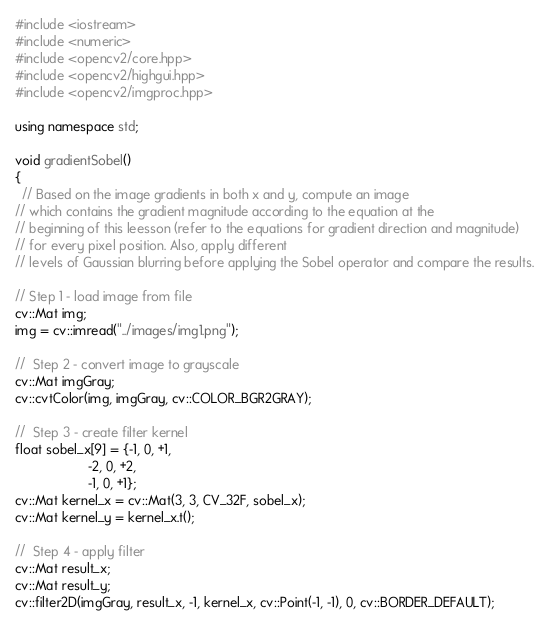<code> <loc_0><loc_0><loc_500><loc_500><_C++_>#include <iostream>
#include <numeric>
#include <opencv2/core.hpp>
#include <opencv2/highgui.hpp>
#include <opencv2/imgproc.hpp>

using namespace std;

void gradientSobel()
{
  // Based on the image gradients in both x and y, compute an image
// which contains the gradient magnitude according to the equation at the
// beginning of this leesson (refer to the equations for gradient direction and magnitude)
// for every pixel position. Also, apply different
// levels of Gaussian blurring before applying the Sobel operator and compare the results.

// Step 1 - load image from file
cv::Mat img;
img = cv::imread("../images/img1.png");

//  Step 2 - convert image to grayscale
cv::Mat imgGray;
cv::cvtColor(img, imgGray, cv::COLOR_BGR2GRAY);

//  Step 3 - create filter kernel
float sobel_x[9] = {-1, 0, +1,
                    -2, 0, +2,
                    -1, 0, +1};
cv::Mat kernel_x = cv::Mat(3, 3, CV_32F, sobel_x);
cv::Mat kernel_y = kernel_x.t();

//  Step 4 - apply filter
cv::Mat result_x;
cv::Mat result_y;
cv::filter2D(imgGray, result_x, -1, kernel_x, cv::Point(-1, -1), 0, cv::BORDER_DEFAULT);</code>
= = = = =
- _Activity_
Line by line, check the material above for the word "Step", then give the number of lines that hold it and nothing else.

- _Solution to the exercise_
4